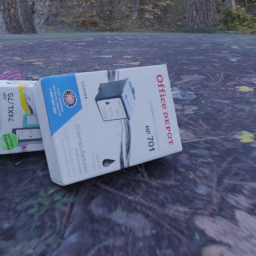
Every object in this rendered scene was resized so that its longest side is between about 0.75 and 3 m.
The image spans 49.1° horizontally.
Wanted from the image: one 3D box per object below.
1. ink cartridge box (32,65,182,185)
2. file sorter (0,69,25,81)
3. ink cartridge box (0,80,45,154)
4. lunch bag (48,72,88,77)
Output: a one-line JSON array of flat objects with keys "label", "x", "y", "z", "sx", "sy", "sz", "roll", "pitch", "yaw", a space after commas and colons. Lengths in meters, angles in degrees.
[{"label": "ink cartridge box", "x": -0.396, "y": -0.164, "z": 6.056, "sx": 2.784, "sy": 2.039, "sz": 1.196, "roll": -13, "pitch": 2, "yaw": -26}, {"label": "file sorter", "x": -3.517, "y": -1.169, "z": 8.629, "sx": 0.920, "sy": 0.830, "sz": 1.323, "roll": -29, "pitch": 38, "yaw": -12}, {"label": "ink cartridge box", "x": -2.578, "y": -0.342, "z": 6.860, "sx": 2.095, "sy": 1.537, "sz": 1.530, "roll": -5, "pitch": 16, "yaw": -32}, {"label": "lunch bag", "x": -1.936, "y": -1.347, "z": 10.078, "sx": 1.691, "sy": 1.268, "sz": 1.994, "roll": -10, "pitch": 23, "yaw": -25}]
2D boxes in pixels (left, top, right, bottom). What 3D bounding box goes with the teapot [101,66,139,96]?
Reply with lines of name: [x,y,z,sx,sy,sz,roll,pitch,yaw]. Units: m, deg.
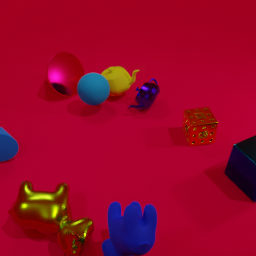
teapot: [-0.426,-1.743,9.978,1.881,0.921,1.169,-1,43,21]

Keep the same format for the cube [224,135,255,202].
cube: [3.225,0.930,6.873,1.069,1.069,1.069,-19,43,-21]

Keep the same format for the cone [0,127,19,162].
cone: [-3.500,0.252,7.672,0.949,0.949,0.953,-11,39,-13]

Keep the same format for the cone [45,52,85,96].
cone: [-2.735,-1.923,10.560,1.586,1.580,1.580,0,31,45]

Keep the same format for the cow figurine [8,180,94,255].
cow figurine: [-1.580,1.913,5.743,1.740,0.955,1.712,8,32,-14]

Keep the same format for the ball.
ball: [-1.125,-1.264,9.137,1.057,1.057,1.057,0,40,0]

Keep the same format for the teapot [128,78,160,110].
teapot: [0.571,-1.090,9.355,0.758,0.962,1.548,32,64,5]

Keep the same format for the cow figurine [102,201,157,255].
cow figurine: [-0.007,2.045,4.938,0.806,1.468,1.445,5,79,-22]

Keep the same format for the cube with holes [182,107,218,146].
cube with holes: [2.090,-0.051,8.239,0.770,0.770,0.770,-8,39,-3]
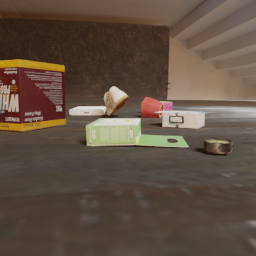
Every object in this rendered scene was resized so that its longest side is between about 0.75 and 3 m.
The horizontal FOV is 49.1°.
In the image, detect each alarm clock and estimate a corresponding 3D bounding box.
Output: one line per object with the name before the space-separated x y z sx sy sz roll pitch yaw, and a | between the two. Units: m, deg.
alarm clock | 1.757 0.360 5.666 0.557 0.275 0.826 -4 10 -22

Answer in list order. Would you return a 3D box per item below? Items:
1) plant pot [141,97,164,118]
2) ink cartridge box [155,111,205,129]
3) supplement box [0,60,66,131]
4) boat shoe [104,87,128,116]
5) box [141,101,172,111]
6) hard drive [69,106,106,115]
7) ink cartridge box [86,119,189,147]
plant pot | 1.219 -0.932 13.512 0.890 1.005 1.005 15 13 23
ink cartridge box | 1.814 -0.316 9.899 1.570 0.532 0.910 4 8 29
supplement box | -3.374 -1.103 9.579 1.438 2.166 2.136 4 8 26
boat shoe | -0.698 -1.362 13.558 0.981 0.960 2.770 -40 -1 -18
box | 1.617 -1.152 15.900 1.232 0.677 1.401 -3 9 -25
hard drive | -2.199 -0.980 15.825 1.770 0.358 2.683 0 8 -2
ink cartridge box | 0.258 0.083 6.953 2.286 0.548 1.663 -1 7 6
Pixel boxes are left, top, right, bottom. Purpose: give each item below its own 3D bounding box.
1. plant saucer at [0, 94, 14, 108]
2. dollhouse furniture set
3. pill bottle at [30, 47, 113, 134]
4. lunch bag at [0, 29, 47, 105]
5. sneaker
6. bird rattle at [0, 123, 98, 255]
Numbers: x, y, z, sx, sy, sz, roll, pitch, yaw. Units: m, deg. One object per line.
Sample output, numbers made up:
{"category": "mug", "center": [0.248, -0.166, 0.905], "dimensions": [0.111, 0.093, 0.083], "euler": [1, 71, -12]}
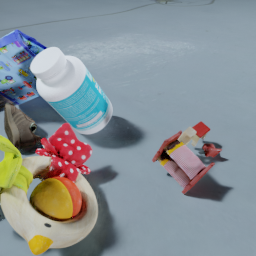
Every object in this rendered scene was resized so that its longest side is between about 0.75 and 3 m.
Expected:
{"category": "plant saucer", "center": [-5.108, -1.374, 9.459], "dimensions": [2.834, 0.418, 2.834], "euler": [6, 33, -4]}
{"category": "dollhouse furniture set", "center": [1.550, 0.480, 6.318], "dimensions": [1.026, 0.776, 1.907], "euler": [45, 48, 18]}
{"category": "pill bottle", "center": [-1.415, -0.923, 7.170], "dimensions": [1.296, 2.340, 1.296], "euler": [-13, 54, 18]}
{"category": "lunch bag", "center": [-3.251, -1.754, 8.027], "dimensions": [1.848, 2.454, 1.154], "euler": [-21, 75, 11]}
{"category": "sneaker", "center": [-2.937, -0.048, 7.694], "dimensions": [0.740, 0.690, 1.959], "euler": [0, 34, -32]}
{"category": "bird rattle", "center": [-1.490, 1.117, 5.144], "dimensions": [2.245, 1.551, 2.754], "euler": [52, 17, 20]}
* * *
Return the material in full, word for word, and skip the pictures.

EXERCISE RESPONSE ▸
Every object in this rendered scene was resized so that its longest side is between about 0.75 and 3 m.
The image spans 49.1° horizontally.
Wanted from the image: one 3D box per object below.
1. ink cartridge box (32,65,182,185)
2. file sorter (0,69,25,81)
3. ink cartridge box (0,80,45,154)
4. lunch bag (48,72,88,77)
Output: a one-line JSON array of flat objects with keys "label", "x", "y", "z", "sx", "sy", "sz", "roll", "pitch", "yaw", a space after commas and colons. Lengths in meters, angles in degrees.
[{"label": "ink cartridge box", "x": -0.396, "y": -0.164, "z": 6.056, "sx": 2.784, "sy": 2.039, "sz": 1.196, "roll": -13, "pitch": 2, "yaw": -26}, {"label": "file sorter", "x": -3.517, "y": -1.169, "z": 8.629, "sx": 0.920, "sy": 0.830, "sz": 1.323, "roll": -29, "pitch": 38, "yaw": -12}, {"label": "ink cartridge box", "x": -2.578, "y": -0.342, "z": 6.860, "sx": 2.095, "sy": 1.537, "sz": 1.530, "roll": -5, "pitch": 16, "yaw": -32}, {"label": "lunch bag", "x": -1.936, "y": -1.347, "z": 10.078, "sx": 1.691, "sy": 1.268, "sz": 1.994, "roll": -10, "pitch": 23, "yaw": -25}]
2D boxes in pixels (left, top, right, bottom). What 3D bounding box goes with the teapot [101,66,139,96]?
Reply with lines of name: [x,y,z,sx,sy,sz,roll,pitch,yaw]. Units: m, deg.
teapot: [-0.426,-1.743,9.978,1.881,0.921,1.169,-1,43,21]

Keep the same format for the cube [224,135,255,202].
cube: [3.225,0.930,6.873,1.069,1.069,1.069,-19,43,-21]

Keep the same format for the cone [0,127,19,162].
cone: [-3.500,0.252,7.672,0.949,0.949,0.953,-11,39,-13]

Keep the same format for the cone [45,52,85,96].
cone: [-2.735,-1.923,10.560,1.586,1.580,1.580,0,31,45]

Keep the same format for the cow figurine [8,180,94,255].
cow figurine: [-1.580,1.913,5.743,1.740,0.955,1.712,8,32,-14]

Keep the same format for the ball.
ball: [-1.125,-1.264,9.137,1.057,1.057,1.057,0,40,0]

Keep the same format for the teapot [128,78,160,110].
teapot: [0.571,-1.090,9.355,0.758,0.962,1.548,32,64,5]

Keep the same format for the cow figurine [102,201,157,255].
cow figurine: [-0.007,2.045,4.938,0.806,1.468,1.445,5,79,-22]

Keep the same format for the cube with holes [182,107,218,146].
cube with holes: [2.090,-0.051,8.239,0.770,0.770,0.770,-8,39,-3]
Every object in this rendered scene was resized so that its longest side is between about 0.75 and 3 m.
The horizontal FOV is 49.1°.
In the image, detect each alarm clock and estimate a corresponding 3D bounding box.
Output: one line per object with the name before the space-separated x y z sx sy sz roll pitch yaw, and a | between the two. Units: m, deg.
alarm clock | 1.757 0.360 5.666 0.557 0.275 0.826 -4 10 -22

Answer in list order. Would you return a 3D box per item below? Items:
1) plant pot [141,97,164,118]
2) ink cartridge box [155,111,205,129]
3) supplement box [0,60,66,131]
4) boat shoe [104,87,128,116]
5) box [141,101,172,111]
6) hard drive [69,106,106,115]
7) ink cartridge box [86,119,189,147]
plant pot | 1.219 -0.932 13.512 0.890 1.005 1.005 15 13 23
ink cartridge box | 1.814 -0.316 9.899 1.570 0.532 0.910 4 8 29
supplement box | -3.374 -1.103 9.579 1.438 2.166 2.136 4 8 26
boat shoe | -0.698 -1.362 13.558 0.981 0.960 2.770 -40 -1 -18
box | 1.617 -1.152 15.900 1.232 0.677 1.401 -3 9 -25
hard drive | -2.199 -0.980 15.825 1.770 0.358 2.683 0 8 -2
ink cartridge box | 0.258 0.083 6.953 2.286 0.548 1.663 -1 7 6
Pixel boxes are left, top, right, bottom. Purpose: give each item below its own 3D bounding box.
1. plant saucer at [0, 94, 14, 108]
2. dollhouse furniture set
3. pill bottle at [30, 47, 113, 134]
4. lunch bag at [0, 29, 47, 105]
5. sneaker
6. bird rattle at [0, 123, 98, 255]
Numbers: x, y, z, sx, sy, sz, roll, pitch, yaw. Units: m, deg. One object per line.
Sample output, numbers made up:
{"category": "mug", "center": [0.248, -0.166, 0.905], "dimensions": [0.111, 0.093, 0.083], "euler": [1, 71, -12]}
Every object in this rendered scene was resized so that its longest side is between about 0.75 and 3 m.
Expected:
{"category": "plant saucer", "center": [-5.108, -1.374, 9.459], "dimensions": [2.834, 0.418, 2.834], "euler": [6, 33, -4]}
{"category": "dollhouse furniture set", "center": [1.550, 0.480, 6.318], "dimensions": [1.026, 0.776, 1.907], "euler": [45, 48, 18]}
{"category": "pill bottle", "center": [-1.415, -0.923, 7.170], "dimensions": [1.296, 2.340, 1.296], "euler": [-13, 54, 18]}
{"category": "lunch bag", "center": [-3.251, -1.754, 8.027], "dimensions": [1.848, 2.454, 1.154], "euler": [-21, 75, 11]}
{"category": "sneaker", "center": [-2.937, -0.048, 7.694], "dimensions": [0.740, 0.690, 1.959], "euler": [0, 34, -32]}
{"category": "bird rattle", "center": [-1.490, 1.117, 5.144], "dimensions": [2.245, 1.551, 2.754], "euler": [52, 17, 20]}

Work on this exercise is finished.